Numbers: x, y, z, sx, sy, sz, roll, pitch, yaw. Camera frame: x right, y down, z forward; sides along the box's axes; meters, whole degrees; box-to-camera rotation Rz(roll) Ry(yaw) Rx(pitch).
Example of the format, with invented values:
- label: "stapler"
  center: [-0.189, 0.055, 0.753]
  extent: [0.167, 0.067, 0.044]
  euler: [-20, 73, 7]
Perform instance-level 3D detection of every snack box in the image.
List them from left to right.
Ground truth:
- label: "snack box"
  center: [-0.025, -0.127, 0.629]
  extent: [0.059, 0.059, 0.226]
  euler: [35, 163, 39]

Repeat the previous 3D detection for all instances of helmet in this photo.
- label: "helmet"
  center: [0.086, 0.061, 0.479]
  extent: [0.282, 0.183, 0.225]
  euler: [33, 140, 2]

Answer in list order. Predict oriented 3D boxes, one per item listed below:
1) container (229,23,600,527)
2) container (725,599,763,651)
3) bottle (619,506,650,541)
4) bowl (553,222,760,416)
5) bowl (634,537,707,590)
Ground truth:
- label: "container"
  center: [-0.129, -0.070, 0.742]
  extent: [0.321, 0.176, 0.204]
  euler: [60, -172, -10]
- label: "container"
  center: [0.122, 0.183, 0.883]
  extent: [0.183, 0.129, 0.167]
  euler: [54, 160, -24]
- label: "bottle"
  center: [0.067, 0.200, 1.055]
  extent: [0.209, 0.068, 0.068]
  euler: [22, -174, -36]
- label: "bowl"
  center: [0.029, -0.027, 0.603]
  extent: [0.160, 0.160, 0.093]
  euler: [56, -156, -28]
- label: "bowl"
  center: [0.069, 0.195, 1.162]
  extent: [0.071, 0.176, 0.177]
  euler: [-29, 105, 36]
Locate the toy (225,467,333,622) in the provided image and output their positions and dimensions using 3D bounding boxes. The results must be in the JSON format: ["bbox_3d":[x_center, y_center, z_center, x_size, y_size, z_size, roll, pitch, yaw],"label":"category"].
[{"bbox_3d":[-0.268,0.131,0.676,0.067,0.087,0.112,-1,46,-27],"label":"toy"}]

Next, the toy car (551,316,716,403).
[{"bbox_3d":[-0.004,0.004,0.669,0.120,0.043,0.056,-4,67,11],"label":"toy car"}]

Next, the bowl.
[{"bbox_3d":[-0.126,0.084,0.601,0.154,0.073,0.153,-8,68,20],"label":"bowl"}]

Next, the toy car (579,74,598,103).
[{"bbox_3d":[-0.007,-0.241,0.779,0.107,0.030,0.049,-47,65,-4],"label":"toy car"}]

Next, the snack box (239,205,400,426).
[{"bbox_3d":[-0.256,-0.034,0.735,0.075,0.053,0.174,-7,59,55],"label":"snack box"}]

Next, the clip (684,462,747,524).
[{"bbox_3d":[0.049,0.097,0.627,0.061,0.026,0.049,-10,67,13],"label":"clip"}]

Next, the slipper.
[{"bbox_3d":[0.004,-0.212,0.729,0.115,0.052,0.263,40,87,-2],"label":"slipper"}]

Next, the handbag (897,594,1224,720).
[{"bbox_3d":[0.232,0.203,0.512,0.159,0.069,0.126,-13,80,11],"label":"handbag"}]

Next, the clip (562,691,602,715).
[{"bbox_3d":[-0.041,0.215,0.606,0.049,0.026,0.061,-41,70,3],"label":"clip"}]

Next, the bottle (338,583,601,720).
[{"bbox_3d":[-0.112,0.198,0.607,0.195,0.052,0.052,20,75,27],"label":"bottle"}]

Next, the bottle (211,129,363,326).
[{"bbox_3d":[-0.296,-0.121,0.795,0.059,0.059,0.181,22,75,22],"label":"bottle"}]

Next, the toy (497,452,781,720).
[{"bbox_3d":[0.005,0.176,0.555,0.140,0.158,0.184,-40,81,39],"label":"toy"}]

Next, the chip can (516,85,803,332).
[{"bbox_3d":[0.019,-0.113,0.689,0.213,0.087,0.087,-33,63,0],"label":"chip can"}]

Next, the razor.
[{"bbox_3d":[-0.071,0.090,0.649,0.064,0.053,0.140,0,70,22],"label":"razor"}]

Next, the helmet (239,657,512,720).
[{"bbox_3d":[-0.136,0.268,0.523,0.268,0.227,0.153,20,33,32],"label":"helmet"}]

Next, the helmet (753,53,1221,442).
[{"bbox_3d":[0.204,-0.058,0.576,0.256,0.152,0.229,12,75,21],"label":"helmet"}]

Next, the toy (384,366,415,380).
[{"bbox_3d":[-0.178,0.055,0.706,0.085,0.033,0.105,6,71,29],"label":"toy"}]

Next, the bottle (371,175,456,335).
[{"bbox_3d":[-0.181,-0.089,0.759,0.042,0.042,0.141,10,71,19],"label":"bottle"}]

### TASK ITEM
Please reproduce the entire listing, exactly as shown.

### EXERCISE RESULT
Numbers: x, y, z, sx, sy, sz, roll, pitch, yaw. Camera frame: x right, y down, z forward; sides along the box's axes; meters, whole degrees; box-to-camera rotation Rz(roll) Ry(yaw) Rx(pitch).
Example of the format, with invented values:
- label: "stapler"
  center: [-0.189, 0.055, 0.753]
  extent: [0.167, 0.067, 0.044]
  euler: [-20, 73, 7]
Perform instance-level 3D detection of every snack box in the image.
List them from left to right.
Ground truth:
- label: "snack box"
  center: [-0.025, -0.127, 0.629]
  extent: [0.059, 0.059, 0.226]
  euler: [35, 163, 39]

Repeat the previous 3D detection for all instances of helmet in this photo.
- label: "helmet"
  center: [0.086, 0.061, 0.479]
  extent: [0.282, 0.183, 0.225]
  euler: [33, 140, 2]

Answer in list order. Predict oriented 3D boxes, one per item listed below:
1) container (229,23,600,527)
2) container (725,599,763,651)
3) bottle (619,506,650,541)
4) bowl (553,222,760,416)
5) bowl (634,537,707,590)
Ground truth:
- label: "container"
  center: [-0.129, -0.070, 0.742]
  extent: [0.321, 0.176, 0.204]
  euler: [60, -172, -10]
- label: "container"
  center: [0.122, 0.183, 0.883]
  extent: [0.183, 0.129, 0.167]
  euler: [54, 160, -24]
- label: "bottle"
  center: [0.067, 0.200, 1.055]
  extent: [0.209, 0.068, 0.068]
  euler: [22, -174, -36]
- label: "bowl"
  center: [0.029, -0.027, 0.603]
  extent: [0.160, 0.160, 0.093]
  euler: [56, -156, -28]
- label: "bowl"
  center: [0.069, 0.195, 1.162]
  extent: [0.071, 0.176, 0.177]
  euler: [-29, 105, 36]
Locate the toy (225,467,333,622) in the provided image and output their positions and dimensions using 3D bounding boxes. The results must be in the JSON format: ["bbox_3d":[x_center, y_center, z_center, x_size, y_size, z_size, roll, pitch, yaw],"label":"category"].
[{"bbox_3d":[-0.268,0.131,0.676,0.067,0.087,0.112,-1,46,-27],"label":"toy"}]

Next, the toy car (551,316,716,403).
[{"bbox_3d":[-0.004,0.004,0.669,0.120,0.043,0.056,-4,67,11],"label":"toy car"}]

Next, the bowl.
[{"bbox_3d":[-0.126,0.084,0.601,0.154,0.073,0.153,-8,68,20],"label":"bowl"}]

Next, the toy car (579,74,598,103).
[{"bbox_3d":[-0.007,-0.241,0.779,0.107,0.030,0.049,-47,65,-4],"label":"toy car"}]

Next, the snack box (239,205,400,426).
[{"bbox_3d":[-0.256,-0.034,0.735,0.075,0.053,0.174,-7,59,55],"label":"snack box"}]

Next, the clip (684,462,747,524).
[{"bbox_3d":[0.049,0.097,0.627,0.061,0.026,0.049,-10,67,13],"label":"clip"}]

Next, the slipper.
[{"bbox_3d":[0.004,-0.212,0.729,0.115,0.052,0.263,40,87,-2],"label":"slipper"}]

Next, the handbag (897,594,1224,720).
[{"bbox_3d":[0.232,0.203,0.512,0.159,0.069,0.126,-13,80,11],"label":"handbag"}]

Next, the clip (562,691,602,715).
[{"bbox_3d":[-0.041,0.215,0.606,0.049,0.026,0.061,-41,70,3],"label":"clip"}]

Next, the bottle (338,583,601,720).
[{"bbox_3d":[-0.112,0.198,0.607,0.195,0.052,0.052,20,75,27],"label":"bottle"}]

Next, the bottle (211,129,363,326).
[{"bbox_3d":[-0.296,-0.121,0.795,0.059,0.059,0.181,22,75,22],"label":"bottle"}]

Next, the toy (497,452,781,720).
[{"bbox_3d":[0.005,0.176,0.555,0.140,0.158,0.184,-40,81,39],"label":"toy"}]

Next, the chip can (516,85,803,332).
[{"bbox_3d":[0.019,-0.113,0.689,0.213,0.087,0.087,-33,63,0],"label":"chip can"}]

Next, the razor.
[{"bbox_3d":[-0.071,0.090,0.649,0.064,0.053,0.140,0,70,22],"label":"razor"}]

Next, the helmet (239,657,512,720).
[{"bbox_3d":[-0.136,0.268,0.523,0.268,0.227,0.153,20,33,32],"label":"helmet"}]

Next, the helmet (753,53,1221,442).
[{"bbox_3d":[0.204,-0.058,0.576,0.256,0.152,0.229,12,75,21],"label":"helmet"}]

Next, the toy (384,366,415,380).
[{"bbox_3d":[-0.178,0.055,0.706,0.085,0.033,0.105,6,71,29],"label":"toy"}]

Next, the bottle (371,175,456,335).
[{"bbox_3d":[-0.181,-0.089,0.759,0.042,0.042,0.141,10,71,19],"label":"bottle"}]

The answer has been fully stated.